All you have to do is follow these instructions:

  1. Choose the scale pattern you know best (for most of you, this is going to be the minor pentatonic, the one we have used in these exercises. It is important that you use a scale pattern you already know well because we don’t want the scale to be a restriction, but the opposite: a familiar pattern you use so that your mind can be free to create).
  2. Choose a note to start from (usually the tonic note, e.g., A in A minor).
  3. Play whatever comes to your mind for a long period of time (5 minutes or more). The reason you should spend some time doing this is that as the minutes pass, your brain will start getting bored with the same ideas and will start to come up with new ones. I use this brain hack when I find myself running out of ideas.
  4. Free flow doesn’t mean noodling aimlessly. To be effective in your practice, you should be focused on creating beautiful tunes. 
  5. You will make mistakes. A ton of them. Some melodies will fall flat. Others will sound stupid. Sometimes you’ll mess up the rhythm. But as long as you are focused on what you’re doing, the mistakes themselves are part of the learning process. Your mind is registering what doesn’t work, what makes a melody fall flat or sound stupid, and what messes up a rhythm.

Conclusion: On scales and broadening horizons

In each of these guitar improvisation exercises, the only scale that has been used is the A minor pentatonic.

The reason for this is that it’s the most commonly used scale and the one everyone learns first. 

I wanted you to use a scale you are familiar with so that you can focus on the intended outcome of each exercise.

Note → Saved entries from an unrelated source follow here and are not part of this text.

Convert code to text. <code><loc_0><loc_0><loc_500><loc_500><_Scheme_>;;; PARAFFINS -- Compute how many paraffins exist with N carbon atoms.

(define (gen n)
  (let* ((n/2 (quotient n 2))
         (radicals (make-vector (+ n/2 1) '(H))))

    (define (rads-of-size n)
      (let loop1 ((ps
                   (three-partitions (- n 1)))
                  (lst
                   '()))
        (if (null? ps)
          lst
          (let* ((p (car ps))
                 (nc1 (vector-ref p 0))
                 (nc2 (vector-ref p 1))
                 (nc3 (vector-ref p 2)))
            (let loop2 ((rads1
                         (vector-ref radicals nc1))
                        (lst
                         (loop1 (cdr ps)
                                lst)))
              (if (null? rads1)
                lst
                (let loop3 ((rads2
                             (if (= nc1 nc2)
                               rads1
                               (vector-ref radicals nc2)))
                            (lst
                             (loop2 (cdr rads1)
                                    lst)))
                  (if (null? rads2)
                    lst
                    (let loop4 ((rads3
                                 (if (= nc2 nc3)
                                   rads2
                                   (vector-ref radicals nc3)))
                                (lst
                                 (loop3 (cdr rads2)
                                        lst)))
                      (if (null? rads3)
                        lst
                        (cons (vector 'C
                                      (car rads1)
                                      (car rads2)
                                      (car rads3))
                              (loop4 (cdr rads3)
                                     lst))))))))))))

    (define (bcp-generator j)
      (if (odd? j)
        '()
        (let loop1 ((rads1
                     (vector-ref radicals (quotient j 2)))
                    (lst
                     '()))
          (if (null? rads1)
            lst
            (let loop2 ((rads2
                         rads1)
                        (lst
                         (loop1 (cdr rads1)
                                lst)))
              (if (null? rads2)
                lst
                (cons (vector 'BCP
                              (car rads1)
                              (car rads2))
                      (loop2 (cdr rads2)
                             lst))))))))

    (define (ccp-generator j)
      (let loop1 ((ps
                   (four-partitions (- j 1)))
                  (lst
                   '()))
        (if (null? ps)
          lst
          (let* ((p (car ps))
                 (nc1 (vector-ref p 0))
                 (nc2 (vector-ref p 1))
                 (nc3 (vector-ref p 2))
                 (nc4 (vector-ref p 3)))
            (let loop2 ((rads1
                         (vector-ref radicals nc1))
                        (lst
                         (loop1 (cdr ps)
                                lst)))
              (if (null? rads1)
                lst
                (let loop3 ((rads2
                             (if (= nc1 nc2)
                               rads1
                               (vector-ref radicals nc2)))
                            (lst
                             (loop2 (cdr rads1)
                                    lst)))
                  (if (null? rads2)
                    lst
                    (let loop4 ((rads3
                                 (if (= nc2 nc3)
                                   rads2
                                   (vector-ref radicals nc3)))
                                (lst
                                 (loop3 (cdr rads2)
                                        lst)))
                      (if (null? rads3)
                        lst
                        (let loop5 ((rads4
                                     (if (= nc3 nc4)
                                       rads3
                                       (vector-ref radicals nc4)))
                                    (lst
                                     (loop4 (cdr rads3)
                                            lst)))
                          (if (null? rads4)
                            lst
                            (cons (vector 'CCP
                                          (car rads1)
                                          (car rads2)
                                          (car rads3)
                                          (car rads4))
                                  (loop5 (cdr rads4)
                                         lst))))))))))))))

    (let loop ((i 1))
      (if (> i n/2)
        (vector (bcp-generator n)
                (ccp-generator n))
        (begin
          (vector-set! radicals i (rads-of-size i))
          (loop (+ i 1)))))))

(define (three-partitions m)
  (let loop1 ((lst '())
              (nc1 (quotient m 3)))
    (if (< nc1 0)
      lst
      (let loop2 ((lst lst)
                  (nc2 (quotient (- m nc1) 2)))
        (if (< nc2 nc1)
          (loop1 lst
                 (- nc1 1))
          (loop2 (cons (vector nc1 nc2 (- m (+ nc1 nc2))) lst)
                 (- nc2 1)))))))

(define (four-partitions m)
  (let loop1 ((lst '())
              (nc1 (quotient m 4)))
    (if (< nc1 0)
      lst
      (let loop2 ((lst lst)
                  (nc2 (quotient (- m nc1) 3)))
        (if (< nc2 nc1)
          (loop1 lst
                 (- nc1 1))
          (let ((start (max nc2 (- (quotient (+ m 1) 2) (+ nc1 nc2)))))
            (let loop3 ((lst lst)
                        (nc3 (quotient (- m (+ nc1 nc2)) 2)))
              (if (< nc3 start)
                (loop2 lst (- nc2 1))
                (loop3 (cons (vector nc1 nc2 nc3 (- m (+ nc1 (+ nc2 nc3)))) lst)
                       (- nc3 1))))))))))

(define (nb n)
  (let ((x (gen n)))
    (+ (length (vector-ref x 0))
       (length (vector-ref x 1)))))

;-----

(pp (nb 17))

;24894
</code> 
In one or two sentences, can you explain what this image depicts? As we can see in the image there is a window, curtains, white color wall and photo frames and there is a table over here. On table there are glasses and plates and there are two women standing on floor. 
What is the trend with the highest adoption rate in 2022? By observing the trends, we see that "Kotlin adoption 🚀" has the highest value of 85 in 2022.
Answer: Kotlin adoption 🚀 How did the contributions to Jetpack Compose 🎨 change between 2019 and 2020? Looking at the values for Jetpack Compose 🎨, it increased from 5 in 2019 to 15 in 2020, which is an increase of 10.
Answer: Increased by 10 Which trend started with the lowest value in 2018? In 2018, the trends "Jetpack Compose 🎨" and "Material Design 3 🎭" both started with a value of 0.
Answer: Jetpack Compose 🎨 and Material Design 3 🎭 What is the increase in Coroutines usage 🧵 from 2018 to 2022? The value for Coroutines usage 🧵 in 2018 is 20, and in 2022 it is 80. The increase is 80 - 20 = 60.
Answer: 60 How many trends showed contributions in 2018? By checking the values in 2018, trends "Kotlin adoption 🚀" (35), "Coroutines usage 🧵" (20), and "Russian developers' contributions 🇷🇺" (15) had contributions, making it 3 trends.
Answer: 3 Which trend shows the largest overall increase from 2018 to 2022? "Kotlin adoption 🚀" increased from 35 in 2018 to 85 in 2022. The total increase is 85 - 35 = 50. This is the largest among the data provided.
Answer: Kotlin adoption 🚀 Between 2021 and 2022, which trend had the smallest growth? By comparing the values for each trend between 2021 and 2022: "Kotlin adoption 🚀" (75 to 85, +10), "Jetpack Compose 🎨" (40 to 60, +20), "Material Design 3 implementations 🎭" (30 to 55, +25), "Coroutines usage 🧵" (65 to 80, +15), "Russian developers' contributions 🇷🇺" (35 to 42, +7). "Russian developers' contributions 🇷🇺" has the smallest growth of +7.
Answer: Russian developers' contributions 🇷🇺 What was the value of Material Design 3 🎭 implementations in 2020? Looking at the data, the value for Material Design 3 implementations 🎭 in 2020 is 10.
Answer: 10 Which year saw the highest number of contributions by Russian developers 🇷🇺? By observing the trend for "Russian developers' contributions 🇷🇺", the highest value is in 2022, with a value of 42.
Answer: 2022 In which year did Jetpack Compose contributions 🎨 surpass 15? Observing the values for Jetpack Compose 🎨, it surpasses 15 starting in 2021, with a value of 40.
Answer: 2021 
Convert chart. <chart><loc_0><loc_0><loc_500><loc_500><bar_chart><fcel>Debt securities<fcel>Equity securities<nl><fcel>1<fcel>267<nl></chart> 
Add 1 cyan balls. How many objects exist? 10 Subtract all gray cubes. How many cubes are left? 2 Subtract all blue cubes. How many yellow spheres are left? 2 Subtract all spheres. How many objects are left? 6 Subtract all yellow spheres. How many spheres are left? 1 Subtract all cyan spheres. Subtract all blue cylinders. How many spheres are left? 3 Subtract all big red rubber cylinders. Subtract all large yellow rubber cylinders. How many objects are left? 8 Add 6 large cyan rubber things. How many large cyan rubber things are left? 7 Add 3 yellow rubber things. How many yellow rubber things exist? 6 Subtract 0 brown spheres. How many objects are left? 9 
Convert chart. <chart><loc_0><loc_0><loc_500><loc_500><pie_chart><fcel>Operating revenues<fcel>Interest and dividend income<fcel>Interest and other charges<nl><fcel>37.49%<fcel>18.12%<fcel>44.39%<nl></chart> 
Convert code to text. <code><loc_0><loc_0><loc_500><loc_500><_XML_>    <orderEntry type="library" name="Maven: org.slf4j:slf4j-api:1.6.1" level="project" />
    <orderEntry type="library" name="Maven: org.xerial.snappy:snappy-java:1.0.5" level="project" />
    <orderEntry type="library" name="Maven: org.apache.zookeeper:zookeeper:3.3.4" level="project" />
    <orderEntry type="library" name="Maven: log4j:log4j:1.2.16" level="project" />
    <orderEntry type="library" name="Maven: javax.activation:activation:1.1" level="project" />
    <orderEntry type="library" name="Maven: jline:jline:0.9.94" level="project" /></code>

However, if you only use pentatonic scales to improvise, another way of thinking outside the box is by starting to use other scales such as the blues scale, the minor natural (my favorite for improvisation purposes), and the harmonic minor scale.

These scales have something that pentatonic scales don’t: notes that move by one semitone (one fret). These notes are a very good source for creating emotion in music, and once you’re fluent in improvising with pentatonic scales, adding other scales to your palette will broaden your horizons even further.